Según el Análisis de Impacto sobre Igualdad Racial (AIIR) desarrollado por organizaciones antirracistas y coordinado por Righst International Spain, el principal motivo de denegación es la pertenencia a una Unidad de Convivencia diferente a la de la solicitud realizada (29,77%). Esta situación afecta gravemente a familias de personas migrantes y gitanas que, por cuestiones estructurales, además de compartir viviendas suelen empadronar a familiares y amigos, o empadronan a sus hijas/os en direcciones diferentes para poder acceder a una plaza en un centro educativo. Esta misma investigación identifica como principales obstáculos la brecha digital y las trabas burocráticas que plantea una prestación destinada a los más vulnerabilizados.
La falta de transparencia en materia de utilización de la IA a nivel gubernamental nos impide conocer qué tipo de programas informáticos se están utilizando en el análisis de las solicitudes del IMV, pero observamos un sesgo racial y de clase, que impide que este beneficio llegue a todas las familias que lo necesitan.
Software que no reconocen tu rostro o te confunden con un animal
Otro de los grandes problemas demostrados en la IA es el relativo a los algoritmos de reconocimiento facial, es decir, la identificación de personas a través de una imagen digital. Se trata de un mecanismo que conlleva la vulneración de los derechos más fundamentales como lo son los relativos a la privacidad o a tener conocimiento de que estos datos se están registrando, además de los riesgos de seguridad que plantea la filtración de una información de la que no nos podemos deshacer.
Por otra parte, estos algoritmos plantean el problema descrito por la investigadora del MIT y fundadora de la Algorithmic Justice League, Joy Buolamwini, de ascendencia ghanesa, que descubrió que diversos programas de reconocimiento facial eran incapaces de “leer” su rostro, a menos que se pusiera una máscara blanca.
Tras esta experiencia, Buolamwini decidió probar la precisión de los sistemas de IBM, Microsoft y Megvii sobre una base de datos de 1.270 rostros de políticos. Al finalizar las pruebas, estableció dos cosas: primero, que los software identificaban con mayor precisión a hombres que a mujeres; y segundo, que identificaban mejor a hombres de piel blanca que de piel oscura y que también identificaban mejor a mujeres de piel blanca que de piel oscura. Mientras que en el caso de varones blancos el margen de error era inferior al 1%, este aumentaba a 35% cuando se trataba de rostros de mujeres negras.
Las deficiencias en los programas de reconocimiento facial llevan años poniéndose sobre la mesa.
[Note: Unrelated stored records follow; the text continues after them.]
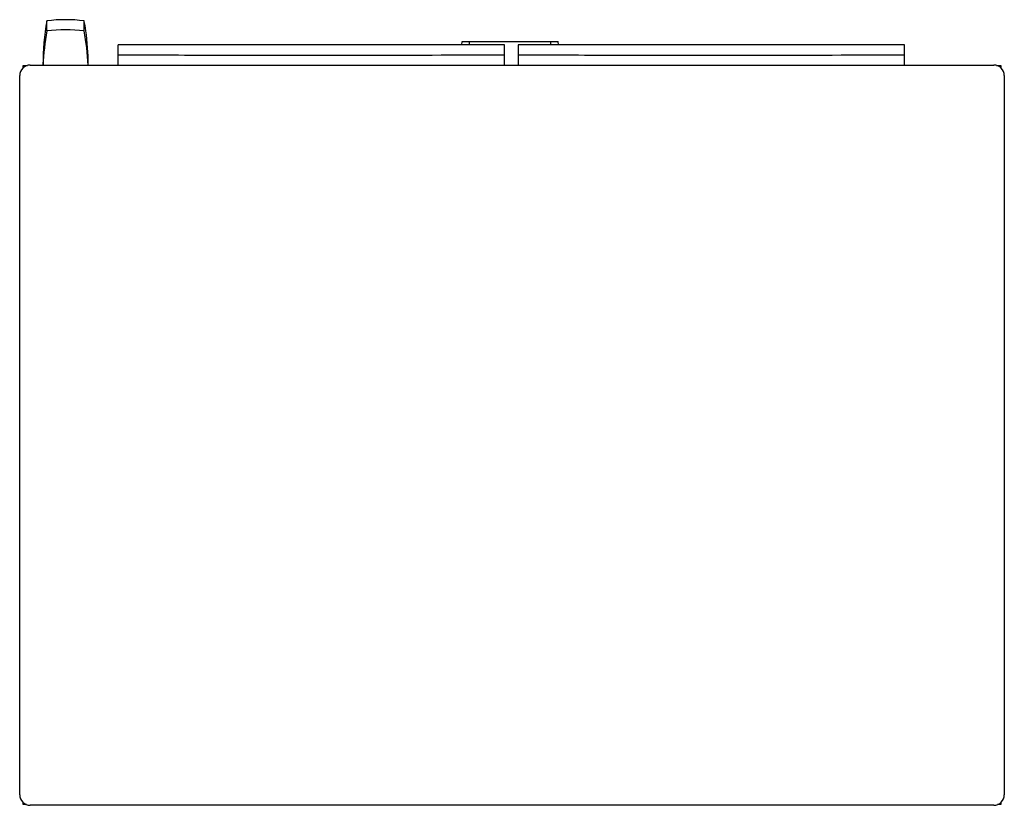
# Model space of a CAD drawing. Header units: millimetres. Extents: x 120 to 925, y 402 to 1044.
import ezdxf

# ---------------------------------------------------------------- set-up
doc = ezdxf.new("R2010")
doc.units = ezdxf.units.MM
doc.header["$LTSCALE"] = 93.810325
doc.layers.get('0').update_dxf_attribs({"linetype": 'CONTINUOUS'})

msp = doc.modelspace()

# ---------------------------------------------------------------- linework, layer by layer
at = {"color": 7, "linetype": 'Continuous'}
for p, q in [((142.63, 1034.92), (142.63, 1043.18)), ((173.13, 1034.92), (173.13, 1043.18)), ((201.02, 1007.03), (201.02, 1023.53)), ((293.66, 1023.53), (201.02, 1023.53)), ((424.1, 1023.53), (293.66, 1023.53)), ((516.74, 1023.53), (424.1, 1023.53)), ((481.94, 1023.53), (482.03, 1026.33)), ((482.03, 1026.33), (560.69, 1026.33)), ((488.02, 1023.53), (488.03, 1026.33)), ((516.74, 1007.03), (516.74, 1023.53)), ((528.02, 1023.53), (528.02, 1007.03)), ((620.66, 1023.53), (528.02, 1023.53)), ((554.66, 1023.53), (554.69, 1026.33)), ((560.78, 1023.53), (560.69, 1026.33)), ((751.1, 1023.53), (620.66, 1023.53)), ((843.74, 1023.53), (751.1, 1023.53)), ((843.74, 1007.03), (843.74, 1023.53)), ((122.88, 1006.33), (122.88, 1004.34)), ((126.82, 1006.33), (122.88, 1006.33)), ((128.98, 1007.03), (916.78, 1007.03)), ((922.88, 1006.33), (918.93, 1006.33)), ((922.88, 1004.34), (922.88, 1006.33)), ((120.38, 410.63), (120.38, 998.43)), ((925.38, 998.43), (925.38, 410.63)), ((122.88, 404.72), (122.88, 403.03)), ((122.88, 403.03), (125.9, 403.03)), ((919.85, 403.03), (922.88, 403.03)), ((922.88, 403.03), (922.88, 404.72)), ((916.78, 402.03), (128.98, 402.03))]:
    msp.add_line(p, q, dxfattribs=at)
for centre, radius, start, end in [((341.86, 1007.06), 202.48, 169.72367, 179.92902), ((157.88, 923.35), 120.8, 82.74653, 97.25347), ((-25.57, 1007.13), 201.95, 7.96641, 10.28428), ((334.15, 999.49), 194.78, 169.51929, 177.78158), ((157.88, 912.74), 123.13, 82.8847, 97.1153), ((-18.4, 999.49), 194.78, 2.21842, 10.48071), ((-26.07, 1007.07), 202.44, 0.06727, 7.964), ((128.98, 998.43), 8.6, 90, 180), ((916.78, 998.43), 8.6, 0, 90), ((128.98, 410.63), 8.6, 180, 270), ((916.78, 410.63), 8.6, 270, 360)]:
    msp.add_arc(centre, radius, start, end, dxfattribs=at)
for points in [[(201.02, 1015.51), (227.29, 1015.38), (332.53, 1014.98), (437.77, 1015.12), (516.74, 1015.51)], [(528.02, 1015.51), (554.29, 1015.38), (659.53, 1014.98), (764.77, 1015.12), (843.74, 1015.51)]]:
    msp.add_open_spline(points, degree=3, knots=[0, 0, 0, 0, 0.249676, 1, 1, 1, 1], dxfattribs=at)

doc.saveas('drawing.dxf')

En 2019, el Instituto Nacional de Estándares y Tecnología, agencia de la Administración de Tecnología del Departamento de Comercio de los Estados Unidos, analizó 189 algoritmos de 99 desarrolladores, entre ellos, Microsoft, Intel y SenseTime.
Tras analizar 18,27 millones de imágenes de 8,49 millones de personas, el estudio concluyó que la mayoría de software de reconocimiento facial tienen problemas graves para identificar rostros de personas no caucásicas. En concreto, descubrieron que se producían “falsos positivos” con rostros de personas negras y asiáticas, es decir, que los programas identificaban a dos seres humanos diferentes como si fueran la misma persona.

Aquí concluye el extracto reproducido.